"Ülke olarak en büyük avantajımız gençler"

Didem ERYAR ÜNLÜ

Tüm dünyayı etkisi altına alan pandemi sürecinde, teknoloji ve araştırma altyapısı ve fonları ile sağlık çalışanlarının desteklenmesine öncelik veren Sabancı Topluluğu, o dönemde sağlık çalışanlarının çocukları için ‘YarınBizim’ projesini başlattı. Sabancı Gönüllüleri tarafından hayata geçirilen proje, kimseyi geride bırakmama hedefinden yola çıkarak, COVID-19 salgınına karşı verilen mücadelede en ön saflarda yer alan sağlık çalışanlarının çocuklarını geleceğe çok daha güçlü bir şekilde hazırlamayı amaçladı.

Proje, “gönüllülüğün gücünden” ilham alarak “bir öğrenme ortaklığı” kurdu; sağlık çalışanlarının 11. ve 12. sınıflarda okuyan çocuklarına geleceğe dair ilham veren bir “yol arkadaşlığı” sürecini hayata geçirdi.
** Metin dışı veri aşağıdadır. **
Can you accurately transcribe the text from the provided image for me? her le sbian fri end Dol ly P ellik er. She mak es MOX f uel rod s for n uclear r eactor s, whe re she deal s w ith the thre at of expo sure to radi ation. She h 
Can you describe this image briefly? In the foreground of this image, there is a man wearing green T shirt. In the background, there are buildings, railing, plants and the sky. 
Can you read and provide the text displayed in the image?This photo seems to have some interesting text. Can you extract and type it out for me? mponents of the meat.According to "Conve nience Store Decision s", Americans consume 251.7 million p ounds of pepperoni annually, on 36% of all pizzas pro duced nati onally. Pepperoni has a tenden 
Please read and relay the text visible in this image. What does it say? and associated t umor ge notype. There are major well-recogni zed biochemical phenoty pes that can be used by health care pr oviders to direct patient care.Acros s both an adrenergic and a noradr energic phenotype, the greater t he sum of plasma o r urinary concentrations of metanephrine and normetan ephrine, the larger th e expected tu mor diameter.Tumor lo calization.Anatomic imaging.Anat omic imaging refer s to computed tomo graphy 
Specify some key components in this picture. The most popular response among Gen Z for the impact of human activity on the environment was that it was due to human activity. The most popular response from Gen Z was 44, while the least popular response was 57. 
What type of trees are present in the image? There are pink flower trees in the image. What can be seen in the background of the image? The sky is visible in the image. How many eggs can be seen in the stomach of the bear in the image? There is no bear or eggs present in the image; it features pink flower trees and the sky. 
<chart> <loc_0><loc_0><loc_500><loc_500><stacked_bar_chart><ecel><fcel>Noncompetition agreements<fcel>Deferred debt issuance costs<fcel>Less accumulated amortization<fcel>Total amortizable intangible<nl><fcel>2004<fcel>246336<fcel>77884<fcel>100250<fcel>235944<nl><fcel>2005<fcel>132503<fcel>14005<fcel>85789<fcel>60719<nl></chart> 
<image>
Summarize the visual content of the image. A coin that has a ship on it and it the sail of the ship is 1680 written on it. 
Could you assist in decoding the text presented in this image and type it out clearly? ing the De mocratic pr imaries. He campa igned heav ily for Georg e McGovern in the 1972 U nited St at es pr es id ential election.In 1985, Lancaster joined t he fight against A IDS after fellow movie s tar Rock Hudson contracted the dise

“Pandeminin en başından beri hep şunu söyledik: Cephede savaşanlara destek olacağız. Cephenin en önünde savaşanlar ise kuşkusuz sağlık çalışanları oldu. Onların özveriyle yürüttüğü mücadele karşısında Sabancı Topluluğu olarak ‘sıra bizde’ dedik” yorumunu yapan Sabancı Holding CEO’su Cenk Alper’den bu değerli yol arkadaşlığının hayata nasıl dokunduğunu, gençlere nasıl iyi geldiğini dinledim.

“YarınBizim” projesi, hayatlarımızı emanet ettiğimiz sağlık kahramanlarımızın evlatlarını güçlü bir şekilde geleceğe hazırlamak hedefiyle yola çıktı. Geldiğimiz noktada nasıl bir fayda yarattı bu proje?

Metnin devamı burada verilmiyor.